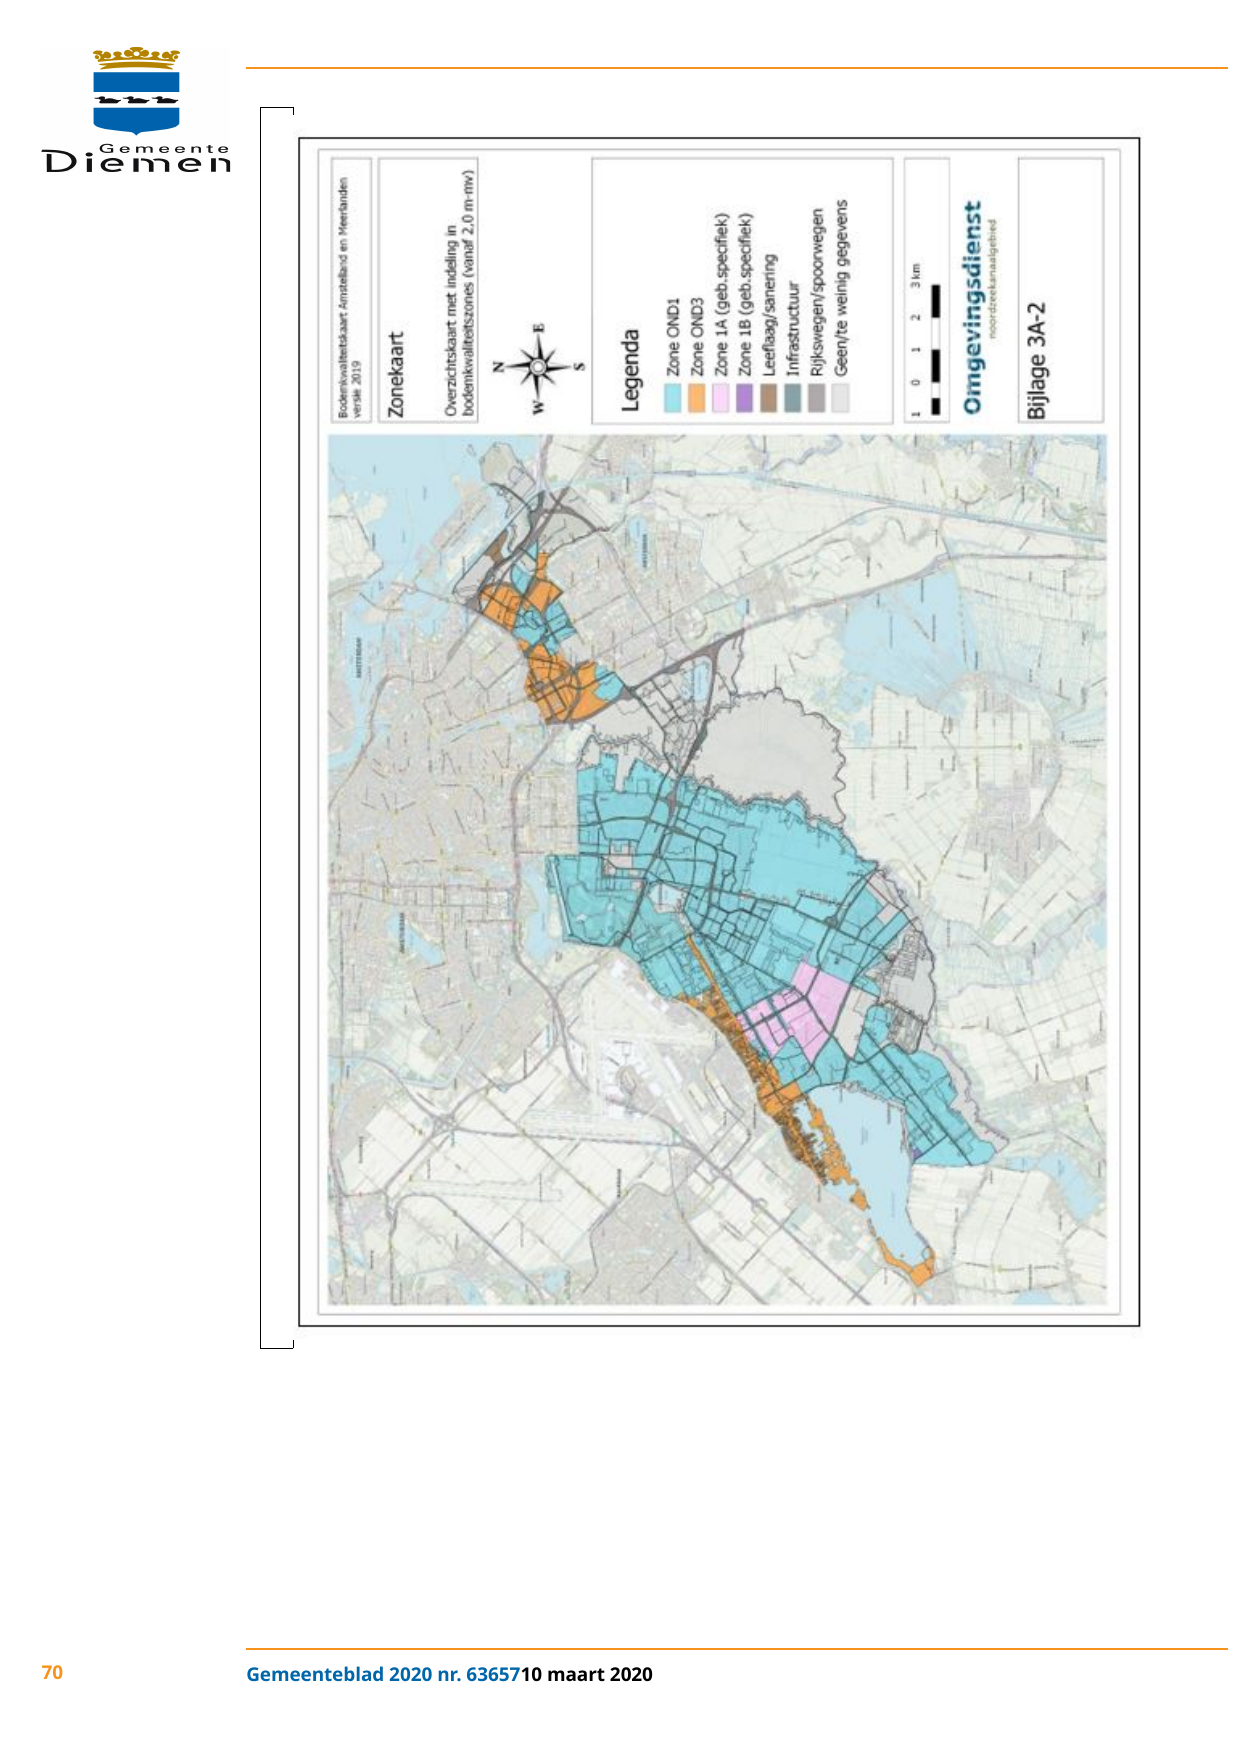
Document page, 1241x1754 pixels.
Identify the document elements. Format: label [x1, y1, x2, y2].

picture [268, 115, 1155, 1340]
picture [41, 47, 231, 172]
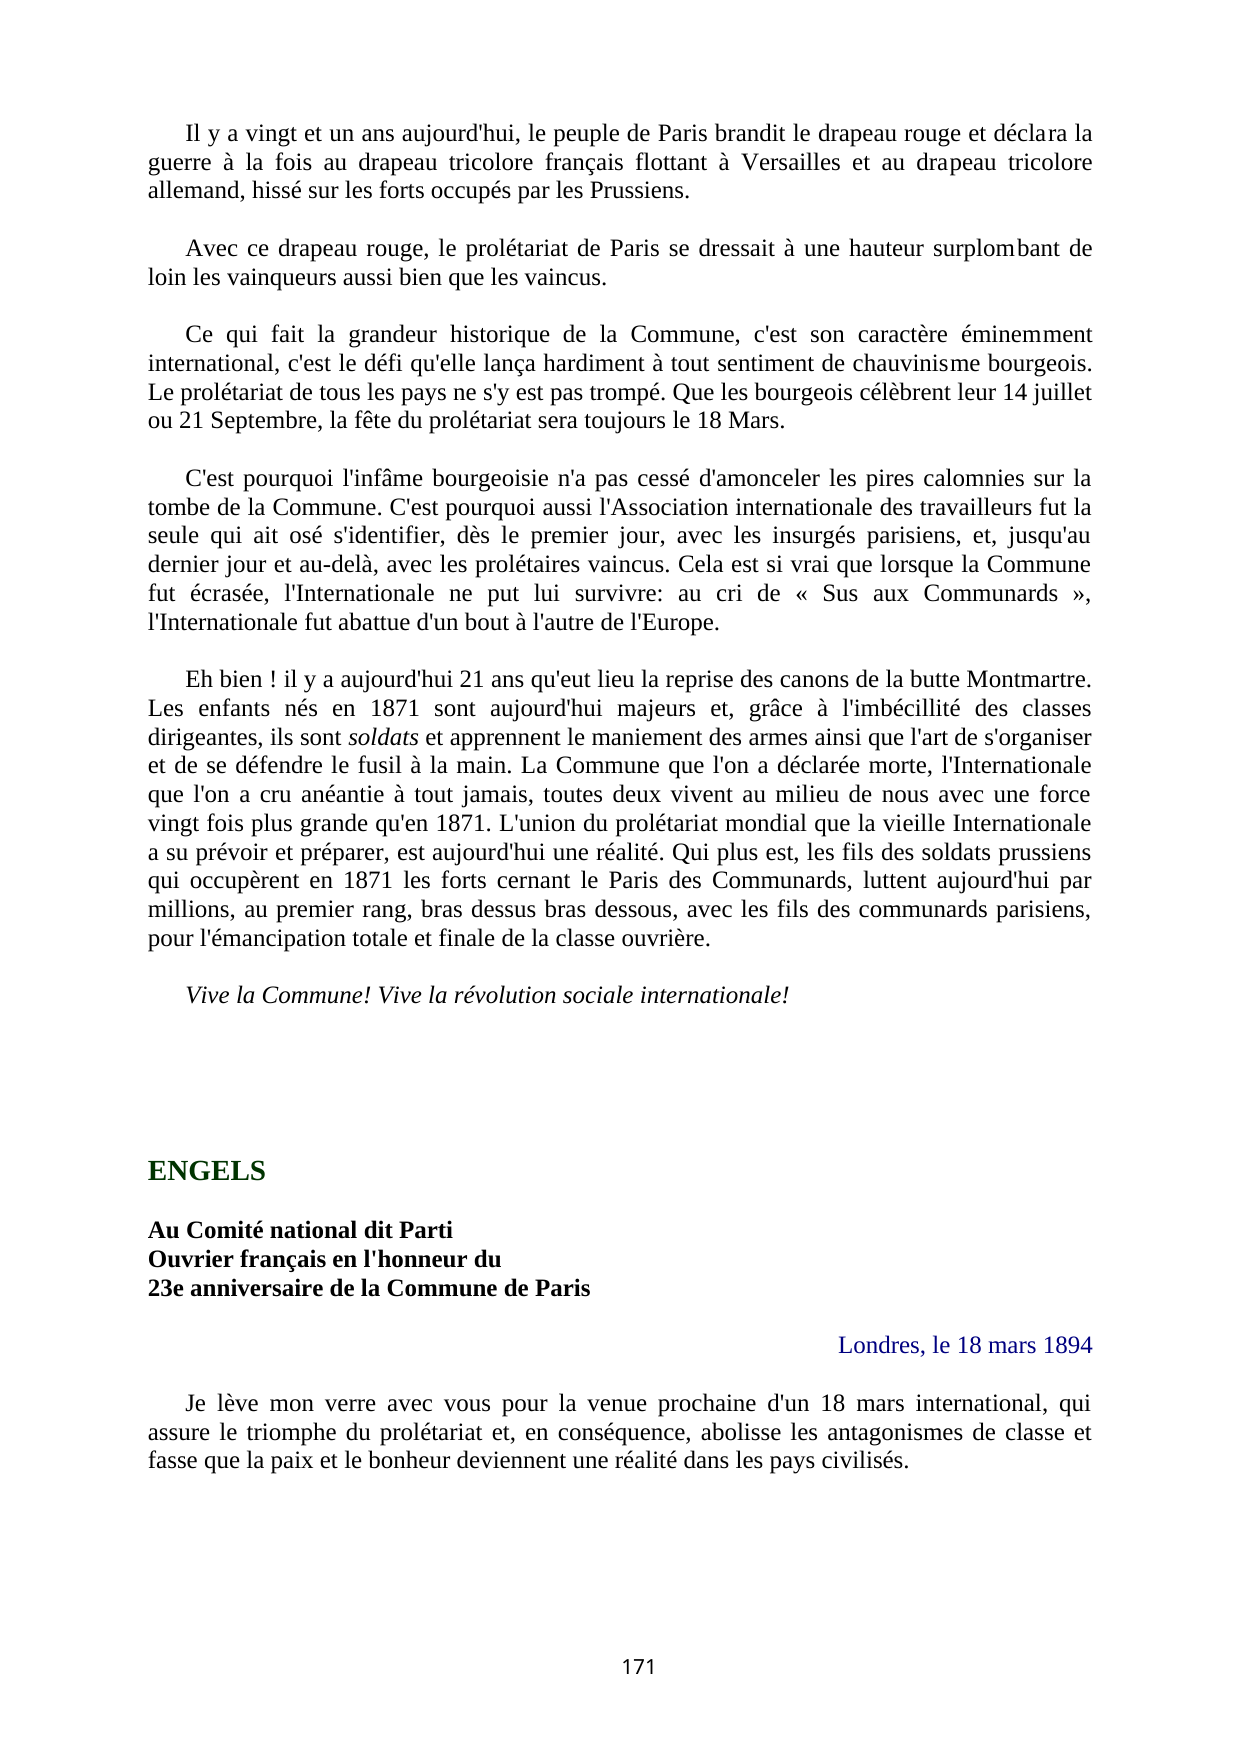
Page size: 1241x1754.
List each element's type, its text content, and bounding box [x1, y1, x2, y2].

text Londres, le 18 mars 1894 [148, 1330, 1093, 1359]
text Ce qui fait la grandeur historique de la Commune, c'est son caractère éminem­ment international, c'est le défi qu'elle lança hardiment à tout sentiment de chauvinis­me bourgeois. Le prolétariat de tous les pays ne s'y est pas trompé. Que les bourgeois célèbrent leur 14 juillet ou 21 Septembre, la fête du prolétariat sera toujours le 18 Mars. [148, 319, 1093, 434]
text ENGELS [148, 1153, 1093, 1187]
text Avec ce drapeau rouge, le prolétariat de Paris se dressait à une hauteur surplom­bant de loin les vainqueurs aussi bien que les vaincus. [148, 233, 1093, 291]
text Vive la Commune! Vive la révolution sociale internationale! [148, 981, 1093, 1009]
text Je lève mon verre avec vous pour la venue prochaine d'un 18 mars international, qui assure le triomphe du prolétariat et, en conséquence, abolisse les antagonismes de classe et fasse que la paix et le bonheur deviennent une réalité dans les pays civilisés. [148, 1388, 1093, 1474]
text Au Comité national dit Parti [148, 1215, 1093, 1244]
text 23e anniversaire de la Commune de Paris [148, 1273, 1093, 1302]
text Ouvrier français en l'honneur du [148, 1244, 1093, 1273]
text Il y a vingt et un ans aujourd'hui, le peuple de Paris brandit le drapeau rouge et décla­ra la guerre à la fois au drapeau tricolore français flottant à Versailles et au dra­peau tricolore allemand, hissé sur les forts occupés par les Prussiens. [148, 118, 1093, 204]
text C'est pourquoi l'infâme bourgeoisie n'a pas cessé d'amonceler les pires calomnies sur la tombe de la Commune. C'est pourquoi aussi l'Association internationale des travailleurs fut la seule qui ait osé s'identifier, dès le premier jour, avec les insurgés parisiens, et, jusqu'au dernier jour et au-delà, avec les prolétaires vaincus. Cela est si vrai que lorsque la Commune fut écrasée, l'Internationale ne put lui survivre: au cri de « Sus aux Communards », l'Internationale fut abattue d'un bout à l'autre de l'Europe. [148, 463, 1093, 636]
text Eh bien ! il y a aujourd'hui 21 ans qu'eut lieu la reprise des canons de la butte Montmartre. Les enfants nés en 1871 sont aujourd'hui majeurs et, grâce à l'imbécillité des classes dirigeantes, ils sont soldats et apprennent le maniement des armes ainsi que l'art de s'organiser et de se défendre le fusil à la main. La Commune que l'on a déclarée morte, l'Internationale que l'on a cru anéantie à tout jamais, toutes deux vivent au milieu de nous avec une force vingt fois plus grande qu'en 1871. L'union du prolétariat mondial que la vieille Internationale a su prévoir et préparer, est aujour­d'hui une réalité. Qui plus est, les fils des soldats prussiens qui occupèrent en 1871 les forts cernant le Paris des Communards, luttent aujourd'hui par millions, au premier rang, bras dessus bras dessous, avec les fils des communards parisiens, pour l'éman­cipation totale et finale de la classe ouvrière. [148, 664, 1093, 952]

════════════════════

▸ **Work item**
The reply should hold only the lines of the listing above starting at the line containing "Page size: 1241x1754." and ending at the line containing "text Londres, le", exactly as written.

▸ **Answer section**
Page size: 1241x1754.
List each element's type, its text content, and bounding box [x1, y1, x2, y2].

text Londres, le 18 mars 1894 [148, 1330, 1093, 1359]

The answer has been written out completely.